Christy’s justification for this comparison is that surface temperature records and UAH show a similar rate of warming over the past several decades, but according to climate models, the lower atmosphere should warm approximately 20% faster than the surface. Christy believes the discrepancy is due to a bias in the surface temperature record, but on the contrary, the surface temperature record’s accuracy has been confirmed time and time again (i.e. Peterson et al. 2003, Menne et al. 2010, Fall et al. 2011 [which includes Anthony Watts as a co-author!], Muller et al. 2011 [the BEST project], etc.). There are good reasons to believe the discrepancy is primarily due to problems in the atmospheric temperature record, but regardless, a surface temperature projection should be compared to surface temperature data.
In addition, Christy removes the influence of volcanic eruptions (which have had a modest net warming effect over the past 30 years due to a couple of volcanic eruptions causing cooling during the early part of that timeframe) before comparing UAH record to the Hansen model projections, but he fails to remove other short-term effects like the El Niño Southern Oscillation (ENSO) and solar activity (as was done by Foster & Rahmstorf ), which have had cooling effects over that period. As a result, Christy’s analysis actually biases the data in the cool direction prior to comparing it to the model, and as a result he arrives at the incorrect conclusion, wrongly claiming that Hansen et al. had over-predicted the ensuing global warming.
From Intrigue to Concern
The concluding paragraph of Hansen et al. expresses fascination at the global experiment we are conducting with the climate:
"The climate change induced by anthropogenic release of CO2 is likely to be the most fascinating global geophysical experiment that man will ever conduct. The scientific task is to help determine the nature of future climatic effects as early as possible."
While the grand global experiment humans are running with the climate remains a fascinating one, climate scientists have concluded that the nature of future climatic effects will be predominantly bad if we continue on our current greenhouse gas emissions path, and potentially catastrophic. Over the decades James Hansen’s tone has grown increasingly alarmed, as he and most of his fellow climate scientists worry about the consequences of human-caused climate change.

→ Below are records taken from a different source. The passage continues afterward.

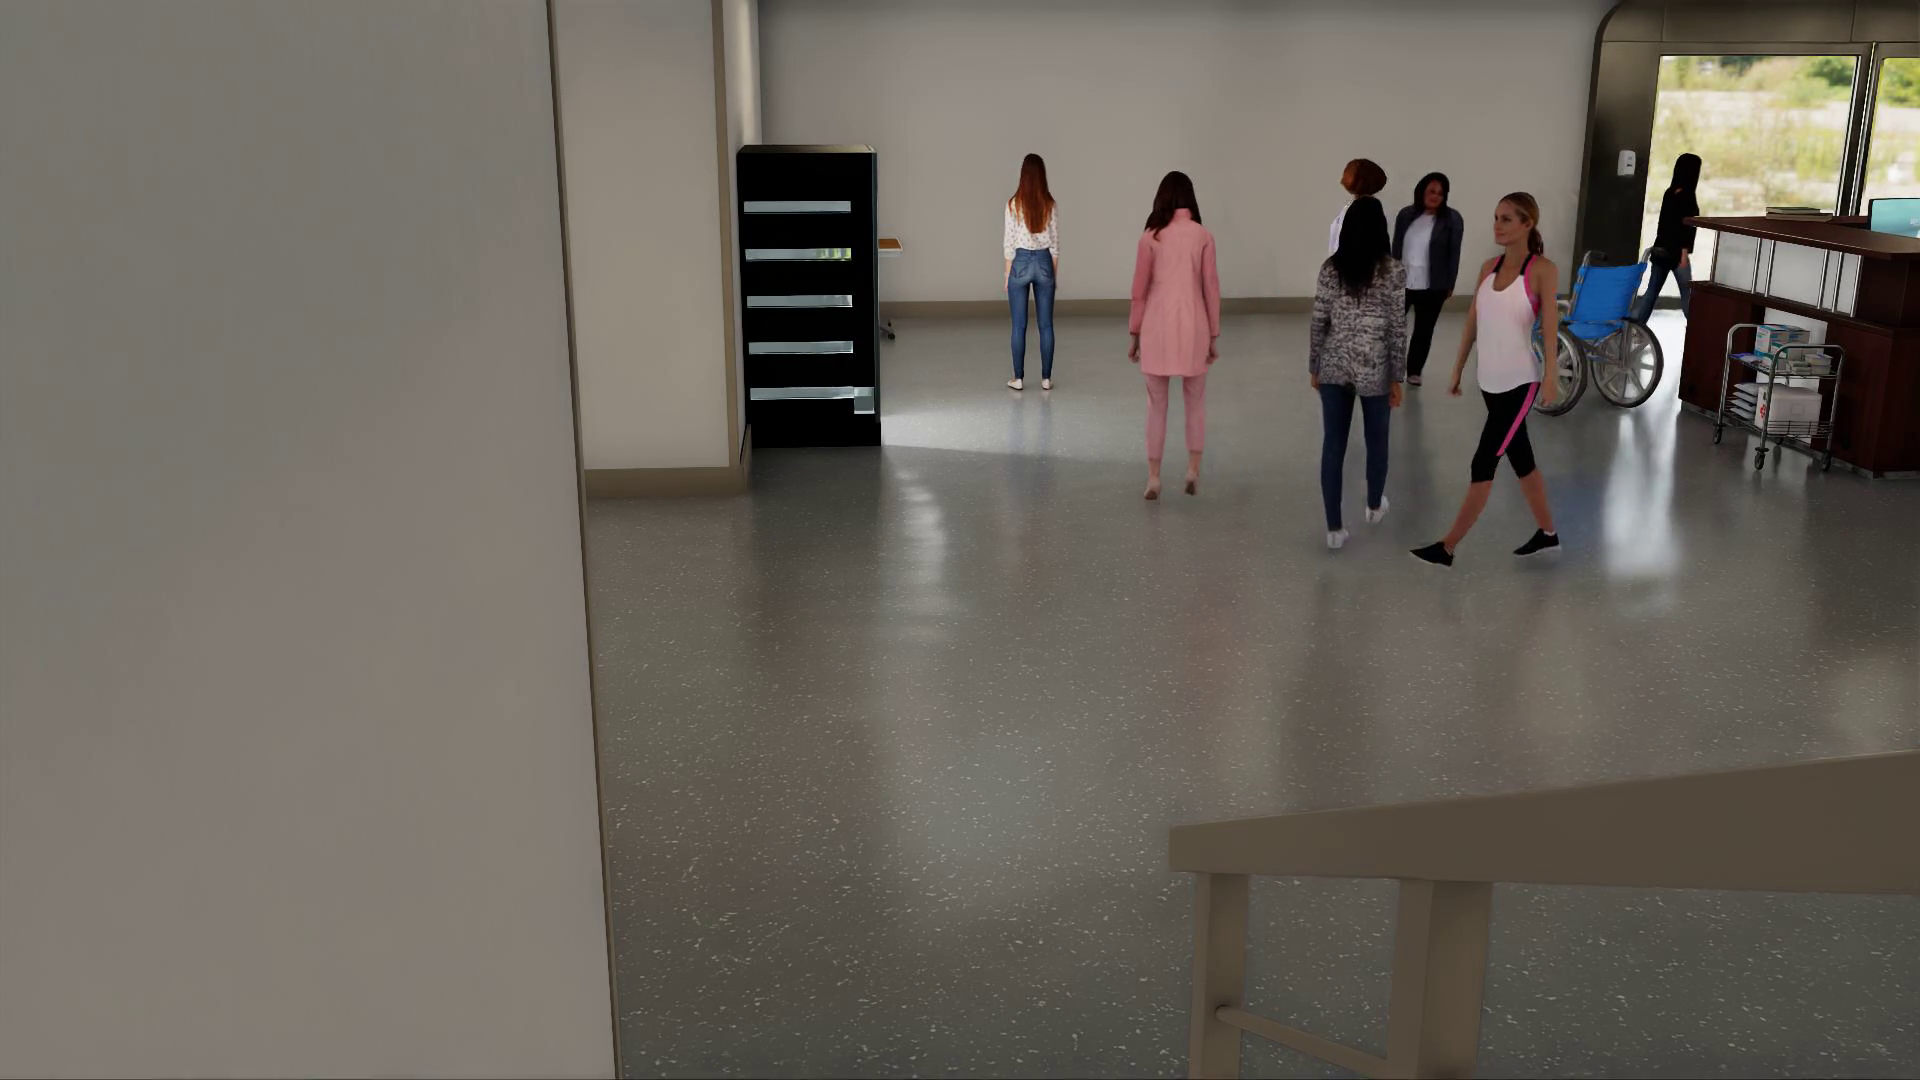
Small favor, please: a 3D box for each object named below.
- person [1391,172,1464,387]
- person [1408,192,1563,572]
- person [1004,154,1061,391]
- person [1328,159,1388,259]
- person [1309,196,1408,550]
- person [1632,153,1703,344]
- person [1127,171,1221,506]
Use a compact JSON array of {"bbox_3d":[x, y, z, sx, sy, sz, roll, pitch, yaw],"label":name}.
[{"bbox_3d":[3.430,-1.943,12.460,0.871,1.588,0.900,11,19,34],"label":"person"},{"bbox_3d":[2.629,-0.696,7.773,0.979,1.730,1.175,-8,17,-25],"label":"person"},{"bbox_3d":[0.536,-1.987,12.354,0.575,1.729,0.507,-2,16,-7],"label":"person"},{"bbox_3d":[2.951,-1.896,12.120,1.011,1.682,1.134,-13,20,-39],"label":"person"},{"bbox_3d":[1.917,-0.788,8.147,0.930,1.705,1.101,7,17,22],"label":"person"},{"bbox_3d":[6.029,-2.456,14.233,0.773,1.612,0.992,-5,16,-16],"label":"person"},{"bbox_3d":[1.182,-1.089,9.065,0.659,1.786,0.631,0,16,-1],"label":"person"}]

Hansen et al. (1981) demonstrates that we have every reason to be concerned, as three decades ago these climate scientists understood the workings of the global climate well enough to predict the ensuing global warming within approximately 15%, and accurately predict a number of important consequences. It’s high time that we start listening to these climate experts and reduce our greenhouse gas emissions.